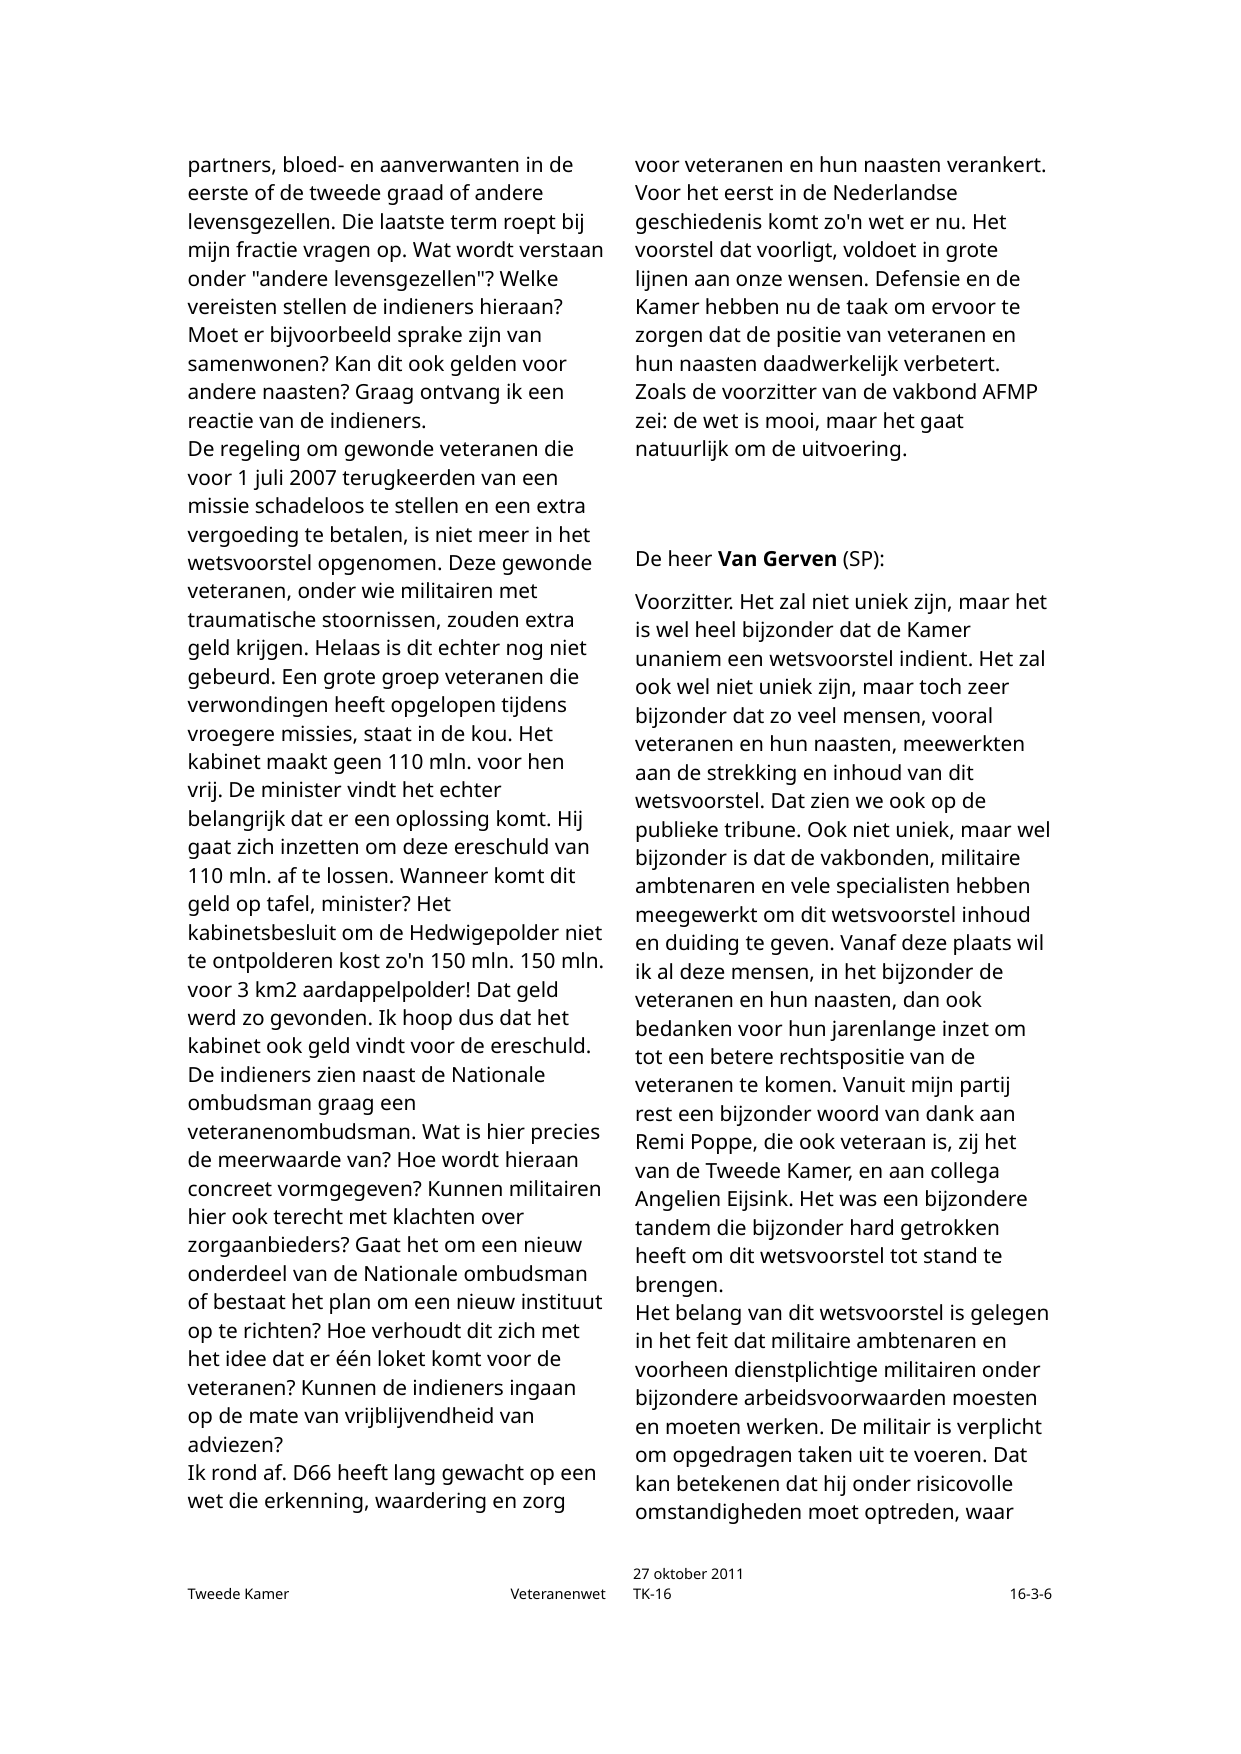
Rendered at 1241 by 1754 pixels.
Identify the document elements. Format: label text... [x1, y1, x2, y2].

text De heer Van Gerven (SP): [635, 544, 1053, 572]
text Ik rond af. D66 heeft lang gewacht op een wet die erkenning, waardering en zorg [187, 1458, 605, 1515]
text  [635, 493, 1053, 521]
text De regeling om gewonde veteranen die voor 1 juli 2007 terugkeerden van een missie schadeloos te stellen en een extra vergoeding te betalen, is niet meer in het wetsvoorstel opgenomen. Deze gewonde veteranen, onder wie militairen met traumatische stoornissen, zouden extra geld krijgen. Helaas is dit echter nog niet gebeurd. Een grote groep veteranen die verwondingen heeft opgelopen tijdens vroegere missies, staat in de kou. Het kabinet maakt geen 110 mln. voor hen vrij. De minister vindt het echter belangrijk dat er een oplossing komt. Hij gaat zich inzetten om deze ereschuld van 110 mln. af te lossen. Wanneer komt dit geld op tafel, minister? Het kabinetsbesluit om de Hedwigepolder niet te ontpolderen kost zo'n 150 mln. 150 mln. voor 3 km2 aardappelpolder! Dat geld werd zo gevonden. Ik hoop dus dat het kabinet ook geld vindt voor de ereschuld. [187, 434, 605, 1060]
text Voorzitter. Het zal niet uniek zijn, maar het is wel heel bijzonder dat de Kamer unaniem een wetsvoorstel indient. Het zal ook wel niet uniek zijn, maar toch zeer bijzonder dat zo veel mensen, vooral veteranen en hun naasten, meewerkten aan de strekking en inhoud van dit wetsvoorstel. Dat zien we ook op de publieke tribune. Ook niet uniek, maar wel bijzonder is dat de vakbonden, militaire ambtenaren en vele specialisten hebben meegewerkt om dit wetsvoorstel inhoud en duiding te geven. Vanaf deze plaats wil ik al deze mensen, in het bijzonder de veteranen en hun naasten, dan ook bedanken voor hun jarenlange inzet om tot een betere rechtspositie van de veteranen te komen. Vanuit mijn partij rest een bijzonder woord van dank aan Remi Poppe, die ook veteraan is, zij het van de Tweede Kamer, en aan collega Angelien Eijsink. Het was een bijzondere tandem die bijzonder hard getrokken heeft om dit wetsvoorstel tot stand te brengen. [635, 587, 1053, 1298]
text voor veteranen en hun naasten verankert. Voor het eerst in de Nederlandse geschiedenis komt zo'n wet er nu. Het voorstel dat voorligt, voldoet in grote lijnen aan onze wensen. Defensie en de Kamer hebben nu de taak om ervoor te zorgen dat de positie van veteranen en hun naasten daadwerkelijk verbetert. Zoals de voorzitter van de vakbond AFMP zei: de wet is mooi, maar het gaat natuurlijk om de uitvoering. [635, 150, 1053, 463]
text partners, bloed- en aanverwanten in de eerste of de tweede graad of andere levensgezellen. Die laatste term roept bij mijn fractie vragen op. Wat wordt verstaan onder "andere levensgezellen"? Welke vereisten stellen de indieners hieraan? Moet er bijvoorbeeld sprake zijn van samenwonen? Kan dit ook gelden voor andere naasten? Graag ontvang ik een reactie van de indieners. [187, 150, 605, 434]
text De indieners zien naast de Nationale ombudsman graag een veteranenombudsman. Wat is hier precies de meerwaarde van? Hoe wordt hieraan concreet vormgegeven? Kunnen militairen hier ook terecht met klachten over zorgaanbieders? Gaat het om een nieuw onderdeel van de Nationale ombudsman of bestaat het plan om een nieuw instituut op te richten? Hoe verhoudt dit zich met het idee dat er één loket komt voor de veteranen? Kunnen de indieners ingaan op de mate van vrijblijvendheid van adviezen? [187, 1060, 605, 1458]
text Het belang van dit wetsvoorstel is gelegen in het feit dat militaire ambtenaren en voorheen dienstplichtige militairen onder bijzondere arbeidsvoorwaarden moesten en moeten werken. De militair is verplicht om opgedragen taken uit te voeren. Dat kan betekenen dat hij onder risicovolle omstandigheden moet optreden, waar [635, 1298, 1053, 1526]

__________________________________________________

## Problem statement
Pictures in the data above should not be copied; transcribe everything else exactly.

## Expected output
Rendered at 1241 by 1754 pixels.
Identify the document elements. Format: label text... [x1, y1, x2, y2].

text De heer Van Gerven (SP): [635, 544, 1053, 572]
text Ik rond af. D66 heeft lang gewacht op een wet die erkenning, waardering en zorg [187, 1458, 605, 1515]
text  [635, 493, 1053, 521]
text De regeling om gewonde veteranen die voor 1 juli 2007 terugkeerden van een missie schadeloos te stellen en een extra vergoeding te betalen, is niet meer in het wetsvoorstel opgenomen. Deze gewonde veteranen, onder wie militairen met traumatische stoornissen, zouden extra geld krijgen. Helaas is dit echter nog niet gebeurd. Een grote groep veteranen die verwondingen heeft opgelopen tijdens vroegere missies, staat in de kou. Het kabinet maakt geen 110 mln. voor hen vrij. De minister vindt het echter belangrijk dat er een oplossing komt. Hij gaat zich inzetten om deze ereschuld van 110 mln. af te lossen. Wanneer komt dit geld op tafel, minister? Het kabinetsbesluit om de Hedwigepolder niet te ontpolderen kost zo'n 150 mln. 150 mln. voor 3 km2 aardappelpolder! Dat geld werd zo gevonden. Ik hoop dus dat het kabinet ook geld vindt voor de ereschuld. [187, 434, 605, 1060]
text Voorzitter. Het zal niet uniek zijn, maar het is wel heel bijzonder dat de Kamer unaniem een wetsvoorstel indient. Het zal ook wel niet uniek zijn, maar toch zeer bijzonder dat zo veel mensen, vooral veteranen en hun naasten, meewerkten aan de strekking en inhoud van dit wetsvoorstel. Dat zien we ook op de publieke tribune. Ook niet uniek, maar wel bijzonder is dat de vakbonden, militaire ambtenaren en vele specialisten hebben meegewerkt om dit wetsvoorstel inhoud en duiding te geven. Vanaf deze plaats wil ik al deze mensen, in het bijzonder de veteranen en hun naasten, dan ook bedanken voor hun jarenlange inzet om tot een betere rechtspositie van de veteranen te komen. Vanuit mijn partij rest een bijzonder woord van dank aan Remi Poppe, die ook veteraan is, zij het van de Tweede Kamer, en aan collega Angelien Eijsink. Het was een bijzondere tandem die bijzonder hard getrokken heeft om dit wetsvoorstel tot stand te brengen. [635, 587, 1053, 1298]
text voor veteranen en hun naasten verankert. Voor het eerst in de Nederlandse geschiedenis komt zo'n wet er nu. Het voorstel dat voorligt, voldoet in grote lijnen aan onze wensen. Defensie en de Kamer hebben nu de taak om ervoor te zorgen dat de positie van veteranen en hun naasten daadwerkelijk verbetert. Zoals de voorzitter van de vakbond AFMP zei: de wet is mooi, maar het gaat natuurlijk om de uitvoering. [635, 150, 1053, 463]
text partners, bloed- en aanverwanten in de eerste of de tweede graad of andere levensgezellen. Die laatste term roept bij mijn fractie vragen op. Wat wordt verstaan onder "andere levensgezellen"? Welke vereisten stellen de indieners hieraan? Moet er bijvoorbeeld sprake zijn van samenwonen? Kan dit ook gelden voor andere naasten? Graag ontvang ik een reactie van de indieners. [187, 150, 605, 434]
text De indieners zien naast de Nationale ombudsman graag een veteranenombudsman. Wat is hier precies de meerwaarde van? Hoe wordt hieraan concreet vormgegeven? Kunnen militairen hier ook terecht met klachten over zorgaanbieders? Gaat het om een nieuw onderdeel van de Nationale ombudsman of bestaat het plan om een nieuw instituut op te richten? Hoe verhoudt dit zich met het idee dat er één loket komt voor de veteranen? Kunnen de indieners ingaan op de mate van vrijblijvendheid van adviezen? [187, 1060, 605, 1458]
text Het belang van dit wetsvoorstel is gelegen in het feit dat militaire ambtenaren en voorheen dienstplichtige militairen onder bijzondere arbeidsvoorwaarden moesten en moeten werken. De militair is verplicht om opgedragen taken uit te voeren. Dat kan betekenen dat hij onder risicovolle omstandigheden moet optreden, waar [635, 1298, 1053, 1526]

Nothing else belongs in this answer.